Create Account

Analysis of SMJHL preseason team rankings, player upgrades, and scoring stats
#1
(This post was last modified: 02-05-2020, 01:50 PM by juke.)

First media bonus
This says 1635 words but Word says 1255 + some pictures
R code word count: An additional 1306 words (I don't know what you want to do with that information but including it just in case)

Edit: Sorry to any goalies, this entire report negates and ignores your existence :(

Hey guys, I realize this piece will end up a week too late since we’re 17 games into the regular season, but I put together a few pictures highlighting how each of the SMJHL teams and players performed in the full preseason, based on their builds and attributes. It’s kind of dry material, and I haven’t put too much effort into organizing it into a piece that reads well and has a good flow, so buckle up. I started because I wanted to see which attributes might be the best to upgrade and the data was easy to scrape and format from the website, and I figured that for the time being it was still the biggest collection of games to analyze. I’m know that some of the analyses may not be entirely accurate, since I think some GMs may have been adjusting their preseason lines to get rookies more ice time, so I plan on just re-running the code once the regular season has progressed a little further into the season to see how well the preseason data holds up.
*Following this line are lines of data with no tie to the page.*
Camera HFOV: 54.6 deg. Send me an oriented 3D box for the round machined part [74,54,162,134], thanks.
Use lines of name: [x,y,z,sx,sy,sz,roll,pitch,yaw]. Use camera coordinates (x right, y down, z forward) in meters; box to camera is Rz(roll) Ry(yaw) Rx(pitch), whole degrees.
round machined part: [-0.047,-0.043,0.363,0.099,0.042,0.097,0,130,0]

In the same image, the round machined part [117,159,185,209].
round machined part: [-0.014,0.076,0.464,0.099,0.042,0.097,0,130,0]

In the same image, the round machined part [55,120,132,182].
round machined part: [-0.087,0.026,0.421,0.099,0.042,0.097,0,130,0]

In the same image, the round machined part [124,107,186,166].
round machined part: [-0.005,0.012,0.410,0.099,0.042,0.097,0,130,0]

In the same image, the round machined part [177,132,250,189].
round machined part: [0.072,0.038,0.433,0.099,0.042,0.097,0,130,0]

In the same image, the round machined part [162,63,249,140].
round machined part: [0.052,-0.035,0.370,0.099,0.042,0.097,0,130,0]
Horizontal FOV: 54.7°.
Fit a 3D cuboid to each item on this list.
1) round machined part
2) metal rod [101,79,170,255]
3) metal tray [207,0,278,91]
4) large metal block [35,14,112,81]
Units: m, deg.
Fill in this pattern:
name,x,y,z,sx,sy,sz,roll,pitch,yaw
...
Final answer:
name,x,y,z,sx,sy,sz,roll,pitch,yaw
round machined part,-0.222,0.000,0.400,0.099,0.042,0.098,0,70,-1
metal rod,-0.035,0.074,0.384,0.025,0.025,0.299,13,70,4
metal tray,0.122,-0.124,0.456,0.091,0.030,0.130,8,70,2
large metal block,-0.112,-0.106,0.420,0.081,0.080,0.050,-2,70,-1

Like I said earlier, it all started with me wanting to see what attributes I should be putting points into most. The first thing I did was pull everyone’s build, basically what they spend their TPE on, and then correlated each attribute with how good they had been playing. Which is already flawed, because there’s no overall rating for player’s performance, so I just went with their points/60 (PP60). This is especially confounding for defenseman, since the best shut down defender might not necessarily score at a high rate. That being said, it’s clear that for both forwards and defenseman that defense, scoring, puck handling, passing, and skating are the 5 attributes that contribute the most to scoring. Which I’m sure is a shock to no one and it was kind of unnecessary, since I’d wager about 90% of players I’ve seen don’t really upgrade anything else, as you can also see buy the vertical lines on the graph.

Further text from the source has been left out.